Joe and Mary file as Married Filing Joint, lived in New York (NY) until August, then moved to Vermont (VT). Joe still works in NY but Mary now works in VT.

  1. They first need to jointly file a Part-Year Resident NY state return for Jan 1st through August when they physically left the state, and report on that return all of the earnings they both made during that period.
  2. Then Joe needs to file a Non-Resident NY state return for the period of September through December 31st for the NY wages he made during that period.
  3. Then Joe and Mary will jointly prepare a Part-Year Resident VT state return for September through December 31st and report both of their earnings (his for NY and hers for VT). But they will attach Joe's NY Non-Resident NY state return to the VT state return as VT will give a credit or deduction for the amount of taxes paid to NY from September to the end of the year. In this example, VT allows a credit or deduction so Joe and Mary are not taxed twice by both states.

Example 4: Moved to a new state with income from both states

Joe lived in California (CA) on severance pay and unemployment until June, then moved to Idaho (ID) for a new job. California does not tax unemployment, so he would like to show the unemployment and severance pay on the CA state return, and the ID income on the ID state return. This would result in Joe's lowest tax obligation.
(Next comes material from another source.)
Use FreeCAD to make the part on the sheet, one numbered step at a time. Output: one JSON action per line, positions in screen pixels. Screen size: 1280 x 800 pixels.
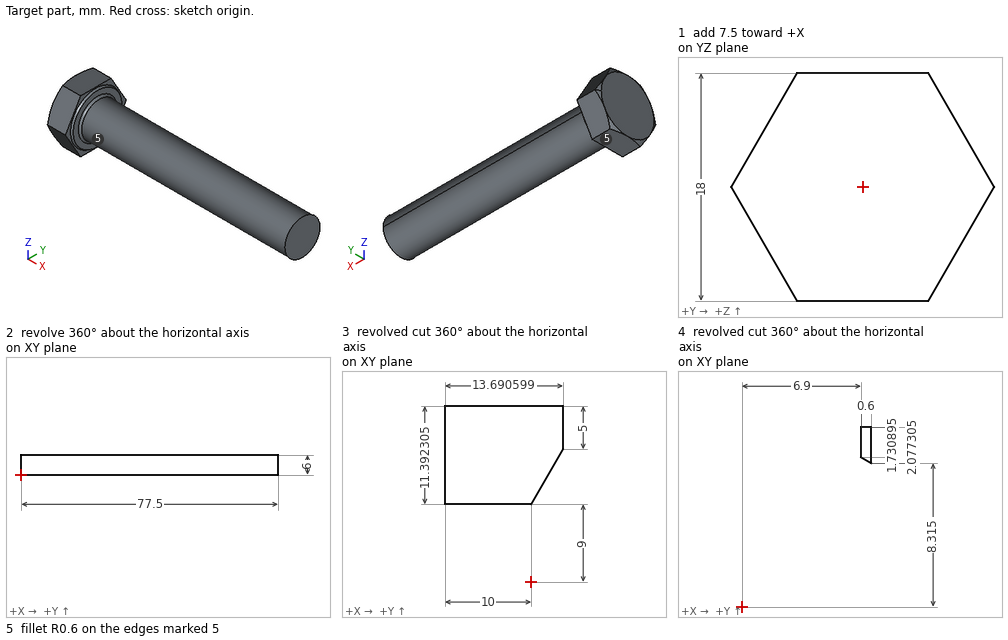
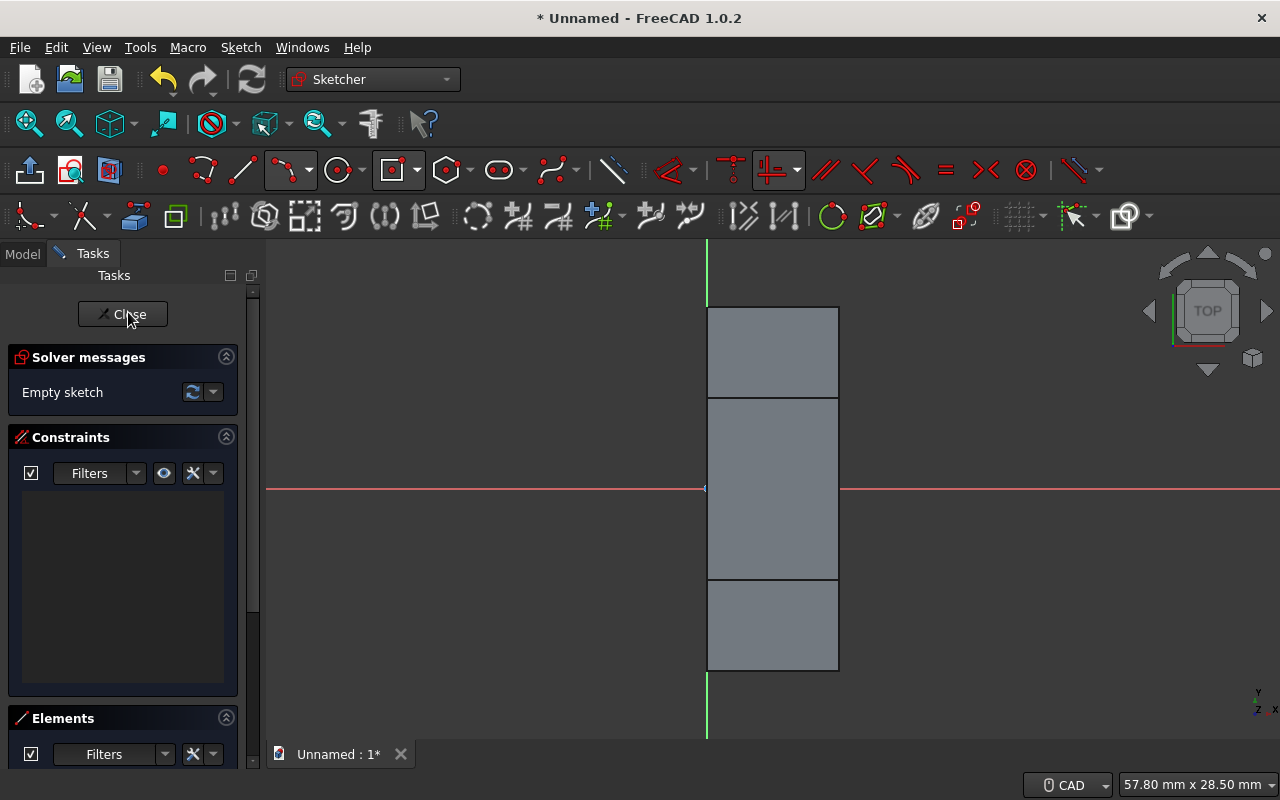
{"action": "left_click", "coordinate": [110, 170]}

As Joe is now a resident of Idaho, this is what Idaho (and many other states) says: "Idaho residents are taxed on all income, including income from outside of the state." So Joe will have to report all of his income, including CA unemployment and severance pay, and his ID pay, on his ID state tax return. Idaho will allow a credit for taxes (if any) paid to other states for income reported on both states tax returns (the unemployment and severance pay in CA).

There is no "election" aspect to the process. Refer to the tax rules and legal requirements for the states you file tax returns in. By answering all of the questions in TurboTax, we will take you through the process of figuring out who taxes what in your state returns. But first start with your resident states in order, then add any part-year or non-resident states.

If in this situation the first state was South Dakota (SD with no state income tax, all of Joe's income would be taxed in ID and there would be no credit for income taxes from another state (zero in this case). Often, if no other state taxes your income your resident state (or if you live in a no income tax state, the state you earned income in) will tax your income.